Liu Kuo-sung, the father of modern Chinese ink painting, seems as young as ever, and is still creating new work at a frenetic pace. (photo by Chuang Kung-ju)
 

The evidence of painter Liu Kuo-sung’s international fame is indisputable. Major museums all over the world, including the British Museum, hold his work in their collections. In 2008, Taiwan’s National Culture and Arts Foundation honored him with a National Award for Arts. In 2013, mainland China’s Shan­dong Museum raised the curtain on its “Gallery of Modern Chinese Paintings by Liu Kuo-sung.” In 2014, Christie’s in Hong Kong auctioned his painting Scenery of Hong Kong for some NT$67 million. In 2016, the American Academy of Arts and Sciences elected him a foreign honorary member, making him the first person from Taiwan to earn this honor in the category of Humanities and Arts.

Liu’s honors and awards have risen, one atop the next, to Taipei-101-like heights, and recently culminated in a 2017 National Cultural Award.

   

a1
Liu injured his left ear while drunk on the beautiful views from the Mt. Everest base camp. Fortunately, his creative aspirations remain fully intact.


When the world-renowned painter Liu Kuo-sung sits down for our interview, he immediately asks that I move to his right side so he can better hear me. Our subsequent conversation begins with the subject of the deafness in his left ear.

An ear for the arts

Liu explains that he climbed to the Mt. Everest base camp, more than 5,000 meters above sea level, while lecturing in Tibet in 2000.

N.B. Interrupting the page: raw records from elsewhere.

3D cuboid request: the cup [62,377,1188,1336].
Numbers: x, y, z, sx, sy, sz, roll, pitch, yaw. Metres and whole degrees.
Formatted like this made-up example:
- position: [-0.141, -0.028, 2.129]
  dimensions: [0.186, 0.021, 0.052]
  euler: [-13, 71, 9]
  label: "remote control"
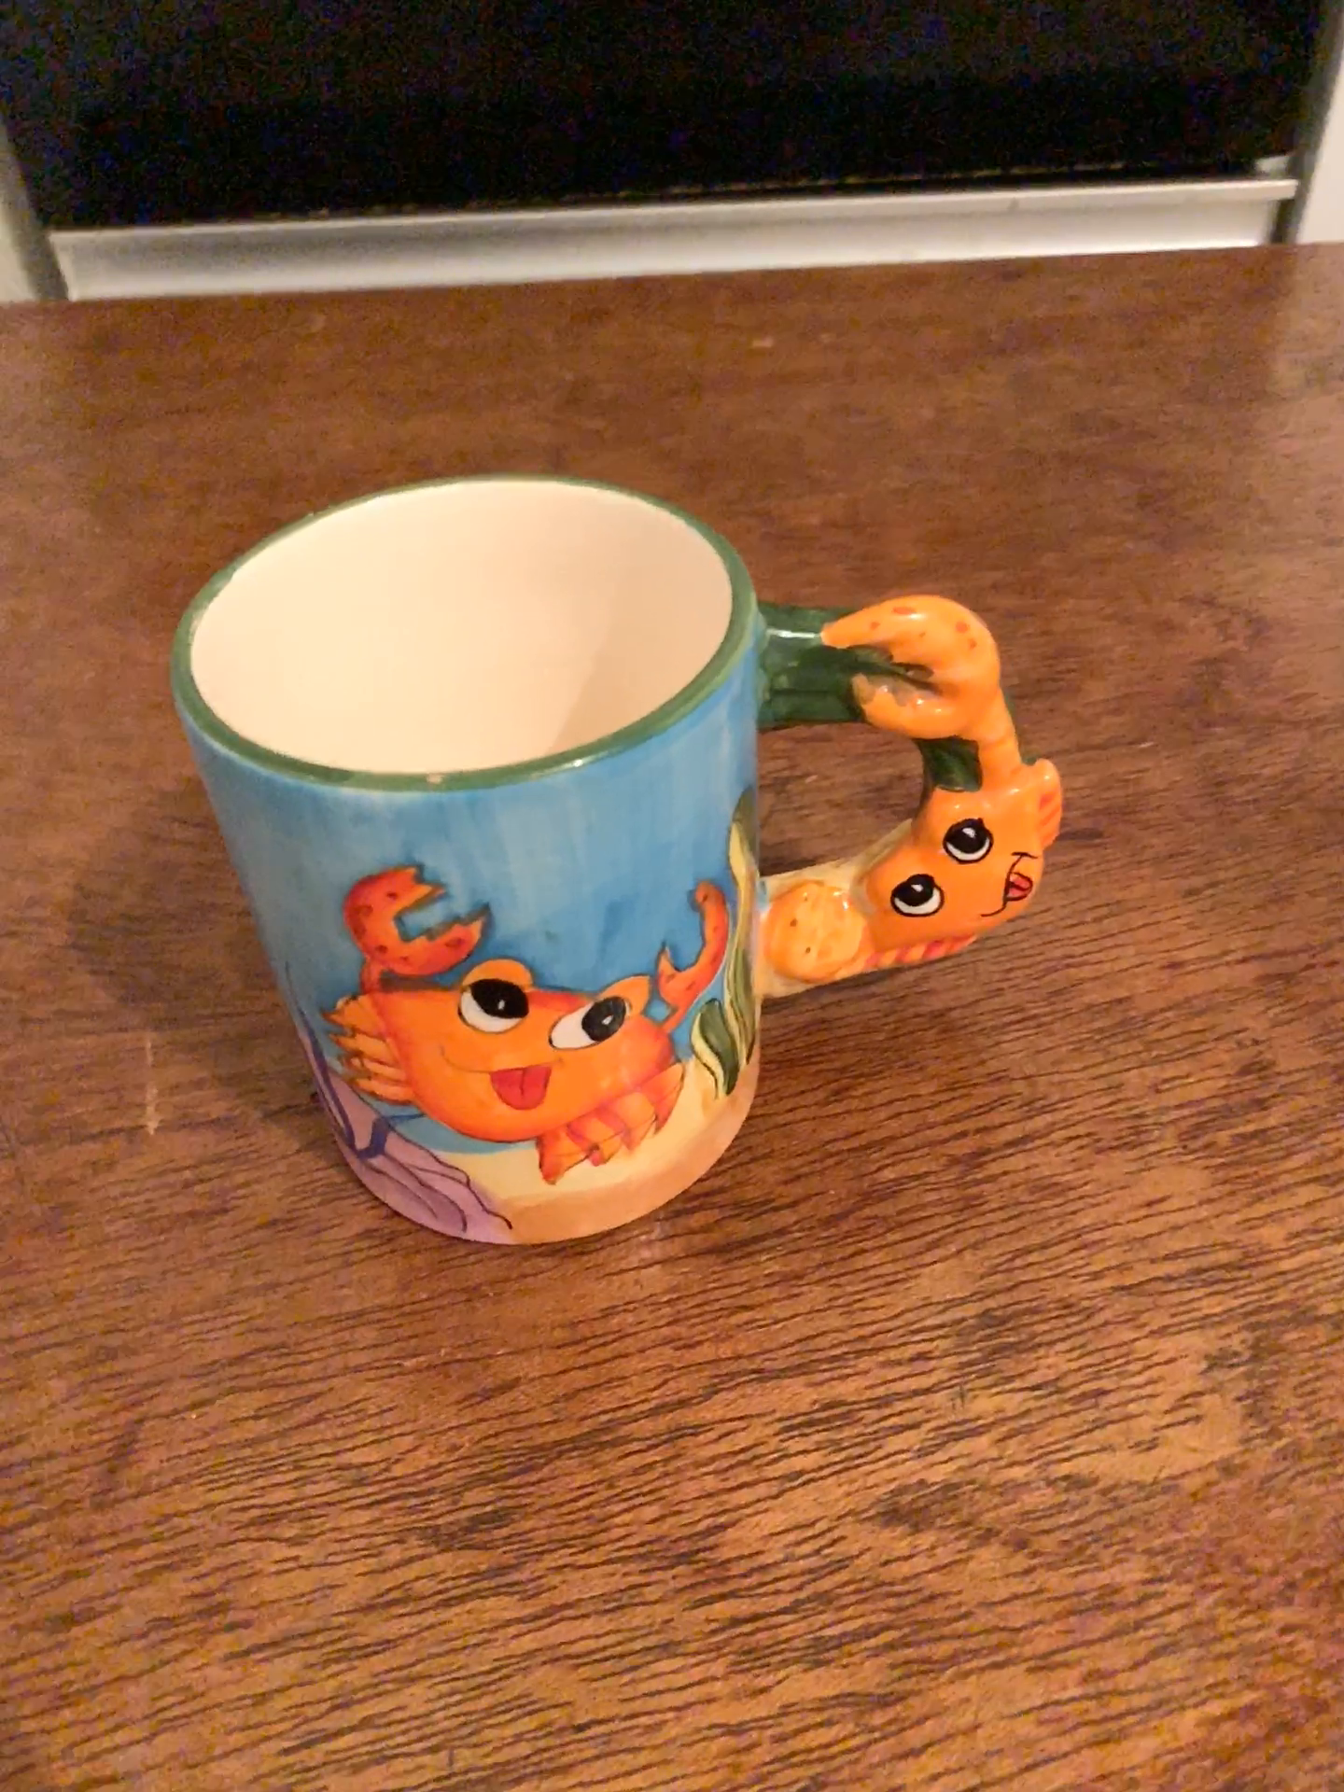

“I did as I was told that day, and sat down to enjoy the view. It was incredibly beautiful. Once the clouds blew off, the mountains were revealed. Wow! The sun shone down on the ridge, creating a swath of brilliant white. The scene went through countless permutations in mere moments….” Recalling the view 17 years later, he is transported, and says it was the first time in his life he attained a state of true “selflessness.” More than two hours had passed before he descended again.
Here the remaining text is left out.